When you consider how consistently loyal the Black voter is, you would think that they wouldn’t be taken for granted like they are by the grocery chains that say “they’re going to shop anyway,” or the car dealers that say “we don’t have to advertise to Blacks because we know they are going to buy cars, whether we advertise or not.”
To remedy the problem, Black media executives must continue to elevate the issue, as Martin has, in the public consciousness, said Smith, adding that even the Biden administration has paid attention to the disparity.
Still, some of Martin’s viewers boiled over at the premise that an unfair proportion of advertising dollars were not being spent with Black-owned media. “Why do you race bait,” wrote viewer Kowaiski Critton, during Martin’s broadcast.
Another viewer, Dave Pirtle, questioned the magnitude of the problem, during the March 1, broadcast.
“Although he is a polarizing figure, I wish Roland would speak with Mark Cuban, owner of the Dallas Mavericks,” Pirtle wrote. “Almost all of the top executives are Black.

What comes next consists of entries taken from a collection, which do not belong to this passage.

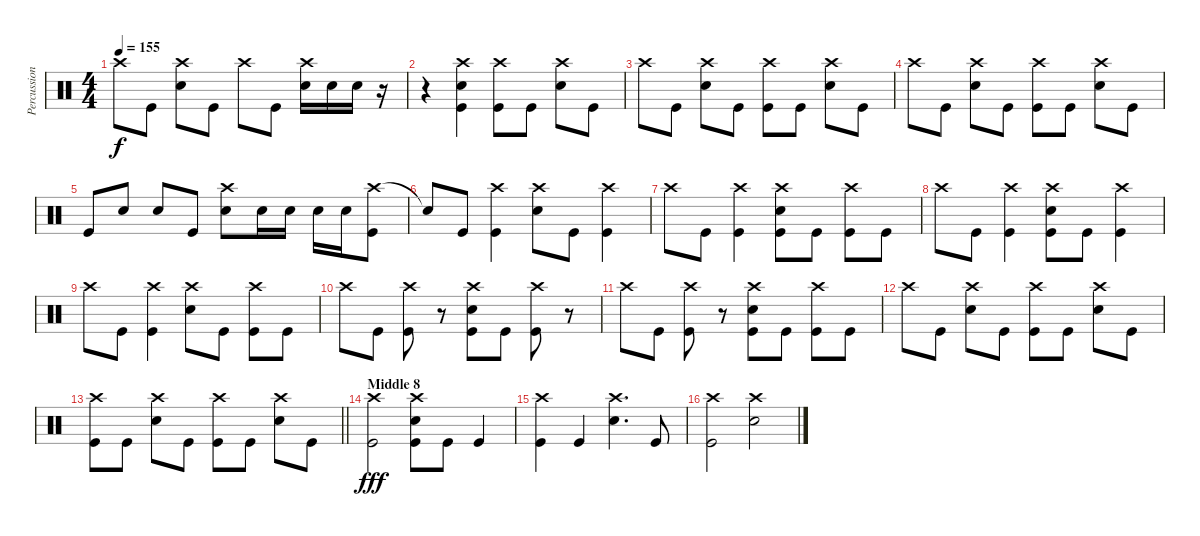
\track ("Percussion" "Percussion") {instrument percussion}
\staff {score}
\articulation defaults
\ts (4 4)
\tempo 155
\clef neutral
\ks c "Crash high (hit)".8{dy f} "Kick (hit)".8
("Crash high (hit)" "Snare (hit) 2").8 "Kick (hit)".8 "Crash high (hit)".8 "Kick (hit)".8 ("Crash high (hit)" "Snare (hit) 2").16 "Snare (hit) 2".16 "Snare (hit) 2".16 r.16 |
r.4 ("Crash high (hit)" "Snare (hit) 2" "Kick (hit)").4 ("Crash high (hit)" "Kick (hit)").8 "Kick (hit)".8 ("Crash high (hit)" "Snare (hit) 2").8 "Kick (hit)".8 |
"Crash high (hit)".8 "Kick (hit)".8 ("Crash high (hit)" "Snare (hit) 2").8 "Kick (hit)".8 ("Crash high (hit)" "Kick (hit)").8 "Kick (hit)".8 ("Crash high (hit)" "Snare (hit) 2").8 "Kick (hit)".8 |
"Crash high (hit)".8 "Kick (hit)".8 ("Crash high (hit)" "Snare (hit) 2").8 "Kick (hit)".8 ("Crash high (hit)" "Kick (hit)").8 "Kick (hit)".8 ("Crash high (hit)" "Snare (hit) 2").8 "Kick (hit)".8 |
"Kick (hit)".8 "Snare (hit) 2".8 "Snare (hit) 2".8 "Kick (hit)".8 ("Crash high (hit)" "Snare (hit) 2").8 "Snare (hit) 2".16 "Snare (hit) 2".16 "Snare (hit) 2".16 "Snare (hit) 2".16 ("Crash high (hit)" "Kick (hit)").8 |
"Snare (hit)"{t}.8 "Kick (hit)".8 ("Crash high (hit)" "Kick (hit)").4 ("Crash high (hit)" "Snare (hit) 2").8 "Kick (hit)".8 ("Crash high (hit)" "Kick (hit)").4 |
"Crash high (hit)".8 "Kick (hit)".8 ("Crash high (hit)" "Kick (hit)").4 ("Crash high (hit)" "Snare (hit) 2" "Kick (hit)").8 "Kick (hit)".8 ("Crash high (hit)" "Kick (hit)").8 "Kick (hit)".8 |
"Crash high (hit)".8 "Kick (hit)".8 ("Crash high (hit)" "Kick (hit)").4 ("Crash high (hit)" "Snare (hit) 2" "Kick (hit)").8 "Kick (hit)".8 ("Crash high (hit)" "Kick (hit)").4 |
"Crash high (hit)".8 "Kick (hit)".8 ("Crash high (hit)" "Kick (hit)").4 ("Crash high (hit)" "Snare (hit) 2").8 "Kick (hit)".8 ("Crash high (hit)" "Kick (hit)").8 "Kick (hit)".8 |
"Crash high (hit)".8 "Kick (hit)".8 ("Crash high (hit)" "Kick (hit)").8 r.8 ("Crash high (hit)" "Snare (hit) 2" "Kick (hit)").8 "Kick (hit)".8 ("Crash high (hit)" "Kick (hit)").8 r.8 |
"Crash high (hit)".8 "Kick (hit)".8 ("Crash high (hit)" "Kick (hit)").8 r.8 ("Crash high (hit)" "Snare (hit) 2" "Kick (hit)").8 "Kick (hit)".8 ("Crash high (hit)" "Kick (hit)").8 "Kick (hit)".8 |
"Crash high (hit)".8 "Kick (hit)".8 ("Crash high (hit)" "Snare (hit) 2").8 "Kick (hit)".8 ("Crash high (hit)" "Kick (hit)").8 "Kick (hit)".8 ("Crash high (hit)" "Snare (hit) 2").8 "Kick (hit)".8 |
\barLineRight lightlight
("Crash high (hit)" "Kick (hit)").8 "Kick (hit)".8 ("Crash high (hit)" "Snare (hit) 2").8 "Kick (hit)".8 ("Crash high (hit)" "Kick (hit)").8 "Kick (hit)".8 ("Crash high (hit)" "Snare (hit) 2").8 "Kick (hit)".8 |
\section ("" "Middle 8")
("Crash high (hit)" "Kick (hit)").2{dy fff} ("Crash high (hit)" "Snare (hit) 2" "Kick (hit)").8 "Kick (hit)".8 "Kick (hit)".4 |
("Crash high (hit)" "Kick (hit)").4 "Kick (hit)".4 ("Crash high (hit)" "Snare (hit) 2").4{d} "Kick (hit)".8 |
("Crash high (hit)" "Kick (hit)").2 ("Crash high (hit)" "Snare (hit) 2").2

Talk about putting your money where your mouth is.”
According to Smith, Cuban is an exception, not the rule. “There’s a consciousness and business sense, as well as commitment, that Mr. Cuban and Mavs CEO Cynt Marshall have that many don’t.”
In a second post, Pirtle called the problem “unbelievable.”
“I am trying to understand how these ad companies could justify paying almost 90% less to Black media companies without being outright called racist,” he wrote.
“What that means is the same Coke ad on BET, for example, was let’s say $100 and the same exact ad on TNT was $900. Unbelievable.”